Так и прошло три дня — голодных, холодных, с не спанными по-человечески ночами, с унизительными очередями за баландой, с тяжелыми мыслями… Как ни присматривался Борька к ребятам, как ни старался найти кого-то, к кому душа на доверие легла, но за три дня не разберешься в человеке. Да и к нему, когда заговаривал с кем-то, тоже доверия не испытывали, и потому настоящих разговоров не получалось.

На четвертый день, измаянный бездействием, совсем неожиданно для себя набился он на работу. Уж больно хотелось разузнать, как там, на работах, есть ли какие возможности для побега, хотя бежать ему с такими ногами сейчас и нельзя — сразу прихватит по второму разу, и обезножеет он совсем. Но разведать надо.

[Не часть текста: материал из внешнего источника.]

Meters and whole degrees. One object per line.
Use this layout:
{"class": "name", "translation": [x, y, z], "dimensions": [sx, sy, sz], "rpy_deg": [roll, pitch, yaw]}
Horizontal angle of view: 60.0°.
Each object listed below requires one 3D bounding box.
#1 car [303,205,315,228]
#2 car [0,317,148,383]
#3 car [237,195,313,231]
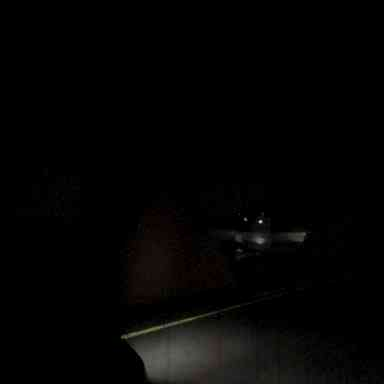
{"class": "car", "translation": [8.550, 1.555, 18.695], "dimensions": [4.181, 1.385, 1.994], "rpy_deg": [0, 0, -36]}
{"class": "car", "translation": [-2.583, 1.505, 1.904], "dimensions": [4.892, 1.490, 1.837], "rpy_deg": [0, 0, -36]}
{"class": "car", "translation": [5.325, 1.213, 20.692], "dimensions": [5.566, 2.045, 2.150], "rpy_deg": [0, 0, -36]}
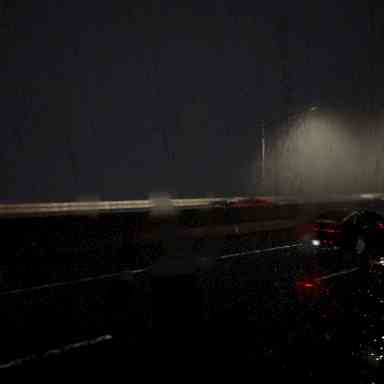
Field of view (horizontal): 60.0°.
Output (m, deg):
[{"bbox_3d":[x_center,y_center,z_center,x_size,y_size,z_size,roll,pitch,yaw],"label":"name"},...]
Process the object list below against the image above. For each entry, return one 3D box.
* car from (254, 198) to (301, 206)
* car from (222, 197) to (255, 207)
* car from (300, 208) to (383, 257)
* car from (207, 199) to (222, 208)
[{"bbox_3d":[7.338,1.305,26.241,4.181,1.385,1.994,-1,0,-35],"label":"car"},{"bbox_3d":[5.197,1.268,29.017,4.674,1.442,1.812,-1,0,-35],"label":"car"},{"bbox_3d":[6.026,1.358,12.285,4.892,1.490,1.837,-1,1,-35],"label":"car"},{"bbox_3d":[3.680,1.226,32.223,4.902,1.511,2.128,-1,0,-35],"label":"car"}]
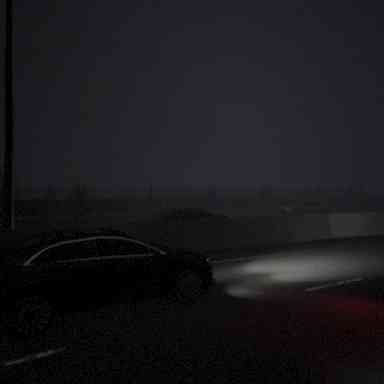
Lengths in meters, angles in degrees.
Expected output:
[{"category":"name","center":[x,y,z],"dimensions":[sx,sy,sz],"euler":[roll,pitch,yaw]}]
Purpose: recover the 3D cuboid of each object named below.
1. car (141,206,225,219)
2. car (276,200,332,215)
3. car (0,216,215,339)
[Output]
[{"category":"car","center":[-0.733,1.432,15.654],"dimensions":[5.008,1.535,1.882],"euler":[0,0,-29]},{"category":"car","center":[9.586,1.411,28.459],"dimensions":[5.008,1.535,1.882],"euler":[0,0,-21]},{"category":"car","center":[-1.785,1.470,6.547],"dimensions":[4.902,1.511,2.128],"euler":[0,0,-34]}]
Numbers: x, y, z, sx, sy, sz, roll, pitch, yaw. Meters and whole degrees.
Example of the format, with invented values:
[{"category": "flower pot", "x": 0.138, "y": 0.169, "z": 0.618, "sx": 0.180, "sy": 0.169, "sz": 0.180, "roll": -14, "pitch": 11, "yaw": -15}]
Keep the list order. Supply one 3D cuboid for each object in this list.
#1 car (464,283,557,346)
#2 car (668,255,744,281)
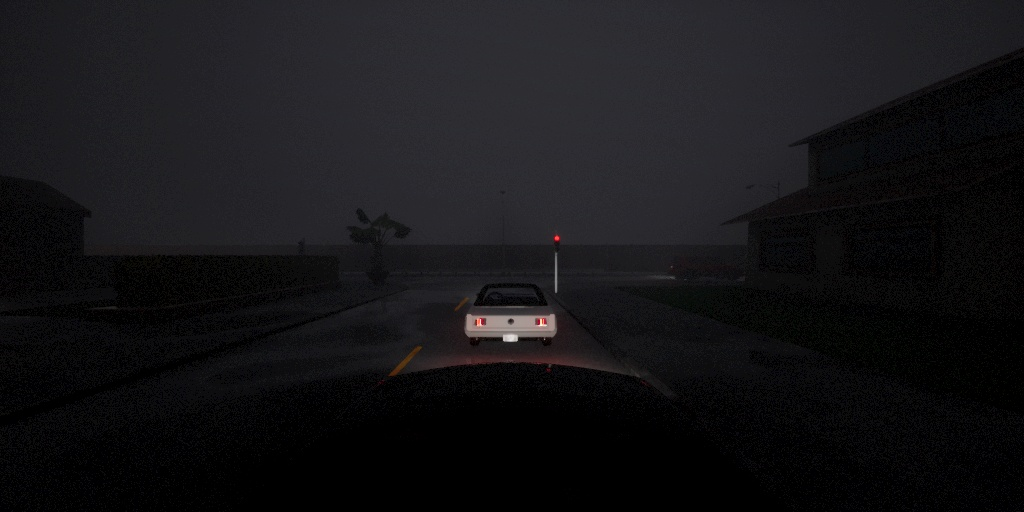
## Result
[{"category": "car", "x": -0.025, "y": 1.350, "z": 9.387, "sx": 1.895, "sy": 1.301, "sz": 4.718, "roll": 0, "pitch": 0, "yaw": 0}, {"category": "car", "x": 15.592, "y": 0.969, "z": 29.068, "sx": 5.566, "sy": 2.045, "sz": 2.150, "roll": 0, "pitch": 0, "yaw": -1}]
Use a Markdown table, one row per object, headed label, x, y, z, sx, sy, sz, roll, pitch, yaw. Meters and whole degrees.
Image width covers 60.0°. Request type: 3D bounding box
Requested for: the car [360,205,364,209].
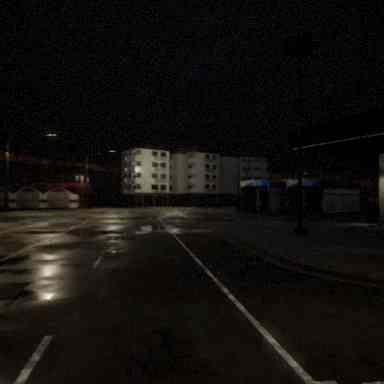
| label | x | y | z | sx | sy | sz | roll | pitch | yaw |
| --- | --- | --- | --- | --- | --- | --- | --- | --- | --- |
| car | 35.501 | 3.030 | 73.707 | 5.008 | 1.535 | 1.882 | 0 | -1 | -9 |
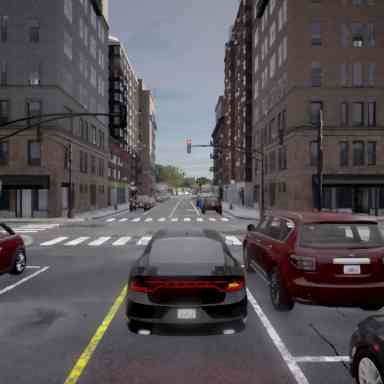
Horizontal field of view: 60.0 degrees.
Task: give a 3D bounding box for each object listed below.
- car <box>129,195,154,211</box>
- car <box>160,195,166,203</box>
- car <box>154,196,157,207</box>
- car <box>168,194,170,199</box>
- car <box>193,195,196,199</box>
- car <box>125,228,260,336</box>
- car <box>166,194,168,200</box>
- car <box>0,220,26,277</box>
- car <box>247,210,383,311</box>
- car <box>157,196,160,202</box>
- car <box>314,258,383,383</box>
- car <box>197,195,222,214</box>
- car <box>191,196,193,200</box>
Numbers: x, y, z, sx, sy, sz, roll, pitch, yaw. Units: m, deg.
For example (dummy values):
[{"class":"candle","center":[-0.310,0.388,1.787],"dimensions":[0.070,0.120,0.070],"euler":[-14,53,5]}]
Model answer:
[{"class":"car","center":[-6.240,1.313,40.063],"dimensions":[2.192,1.841,5.009],"euler":[0,0,-1]},{"class":"car","center":[-6.805,1.540,67.576],"dimensions":[1.887,1.381,4.507],"euler":[0,0,-1]},{"class":"car","center":[-6.353,1.564,45.565],"dimensions":[1.947,1.339,4.313],"euler":[0,0,-1]},{"class":"car","center":[-7.031,1.545,78.580],"dimensions":[2.008,1.369,4.403],"euler":[0,0,-1]},{"class":"car","center":[1.634,1.312,51.239],"dimensions":[2.192,1.841,5.009],"euler":[0,0,-1]},{"class":"car","center":[-0.104,1.478,6.928],"dimensions":[1.882,1.535,5.008],"euler":[0,0,-1]},{"class":"car","center":[-6.918,1.540,73.078],"dimensions":[1.887,1.381,4.507],"euler":[0,0,-1]},{"class":"car","center":[-5.527,1.440,7.511],"dimensions":[1.967,1.590,4.097],"euler":[0,0,-1]},{"class":"car","center":[2.496,1.315,7.680],"dimensions":[2.192,1.841,5.009],"euler":[0,0,-1]},{"class":"car","center":[-6.466,1.548,51.068],"dimensions":[2.008,1.369,4.403],"euler":[0,0,-1]},{"class":"car","center":[2.615,1.551,1.999],"dimensions":[2.008,1.369,4.403],"euler":[0,0,-1]},{"class":"car","center":[1.993,1.314,34.731],"dimensions":[2.192,1.841,5.009],"euler":[0,0,-1]},{"class":"car","center":[0.672,1.519,95.429],"dimensions":[1.752,1.417,4.829],"euler":[0,0,-1]}]
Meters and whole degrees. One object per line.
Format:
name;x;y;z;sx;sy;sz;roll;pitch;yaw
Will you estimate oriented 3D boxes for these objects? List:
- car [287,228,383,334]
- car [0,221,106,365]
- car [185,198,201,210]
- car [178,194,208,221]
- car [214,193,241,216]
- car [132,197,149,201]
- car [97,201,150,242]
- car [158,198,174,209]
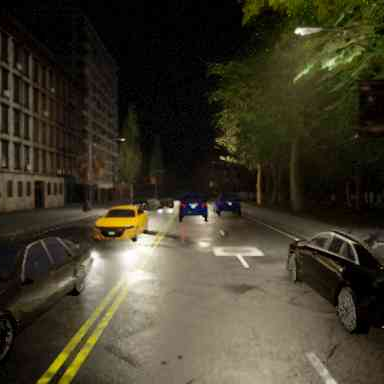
car;3.351;1.469;6.660;2.128;1.511;4.902;0;0;0
car;-3.322;1.528;5.912;2.033;1.411;5.357;0;0;0
car;0.111;1.521;43.375;1.895;1.301;4.718;0;0;0
car;0.105;1.153;26.287;2.150;2.045;5.566;0;0;0
car;3.358;1.148;32.039;2.150;2.045;5.566;0;0;0
car;-6.501;1.428;42.282;1.837;1.490;4.892;0;0;0
car;-3.306;1.430;16.246;1.882;1.535;5.008;0;0;0
car;-3.244;1.467;42.978;2.033;1.411;5.357;0;0;0

Посадили их, человек двадцать, в крытую тентом машину, у заднего борта двое немцев сели, и повезли куда-то.

Кузов сиденьями оборудован, тент плотный, без единой дырочки, ветром не продувает, но и посмотреть, где едешь, не выходит. Шофер газовал дай бог, скорости на поворотах не снижал и бросало их от одного борта к другому. И уже то, что едешь куда-то, а не болтаешься в изнемоге по бараку, радовало Борьку. Судя по тому, что ехали они минут сорок, километров двадцать от Ржева отъехали наверняк. И это хорошо — не в городе, значит, работа.

Остановилась машина, один немец сошел, поговорил с кем-то, потом влез опять. Заскрипели открываемые ворота, и въехали они в какую-то зону — через полуоткрытый полог заднего борта видна была колючая проволока, но вышек не заметно.